Уединение, сосредоточение, выслушивание открывают простую истину: тишина мира к нам обращается так же, как, скажем, море обращается к моряку или небо обращается к лётчику. Так же точно тишина обращает нас к мудрости. В тишине и уединении мир подступает к нам во всей своей простоте. Это становится возможным ещё и потому, что в тишине утрачивается ощущение длительности. Тишина становится окном в Пропись, то есть в мир, лишённый призрачного изменения и становления.


Стоит только покинуть деревню, и я оказываюсь в совершенно другой реальности. В городе звуковые колебания заполняют собою всё человеческое пространство. Тишине в таком пространстве не остаётся места. Она прорывается в жизнь человека урывками, эпизодически, подчас вызывая раздражение своей «ненаполненностью звуками». «Как тихо!» — вот характерное недоумение горожанина, чаще всего сопровождаемое тревогой.

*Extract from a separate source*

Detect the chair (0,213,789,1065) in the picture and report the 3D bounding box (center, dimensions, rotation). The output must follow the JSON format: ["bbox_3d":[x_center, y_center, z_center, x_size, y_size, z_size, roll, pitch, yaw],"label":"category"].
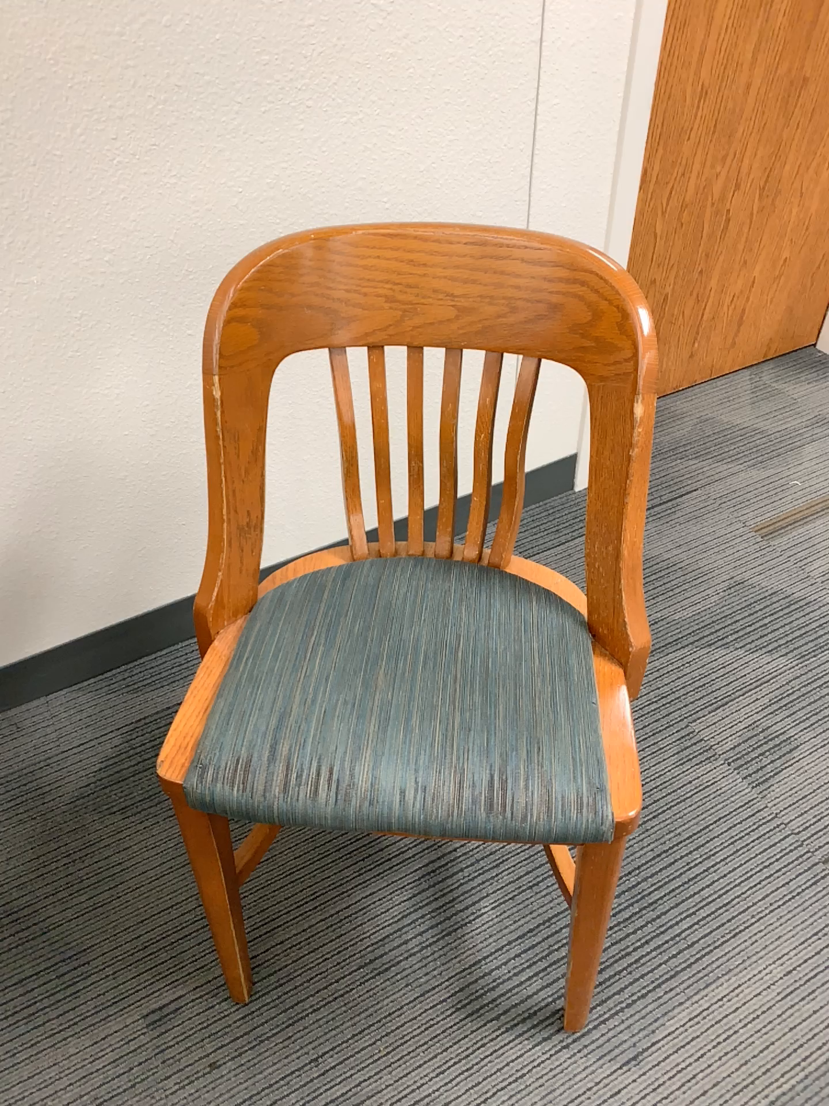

Тишина в городе свидетельствует об «анормальности», словно гигантская машина на время остановила ход своей работы для профилактического осмотра, с тем, чтобы в урочное время начать её снова, а вместе с этой работой возобновить и «шум», издаваемый её механизмами. Город — это и есть «машина для организации человеческой жизни». Человек встроен в эту машину в качестве детали её механизма. Это значит, что время «отдыха» машины полностью совпадает со временем его собственного отдыха. Получается, что само существо города препятствует встрече человека и тишины. Город-машина не оставляет человеку самой возможности выйти за границы слуха, покинуть его пределы. В конце концов горожанин попадает в зависимость этому шуму. И чем больше он им проникается, тем более устойчивой становится зависимость. Даже в те редкие минуты, когда он пробуждается к тишине, ему начинает казаться, что спасения нет: ведь городской шум подчиняет себе его жизнь от рождения до смерти. Но это заблуждение.


Спасительный выход есть: чтобы встретиться с тишиной, человек должен покинуть город!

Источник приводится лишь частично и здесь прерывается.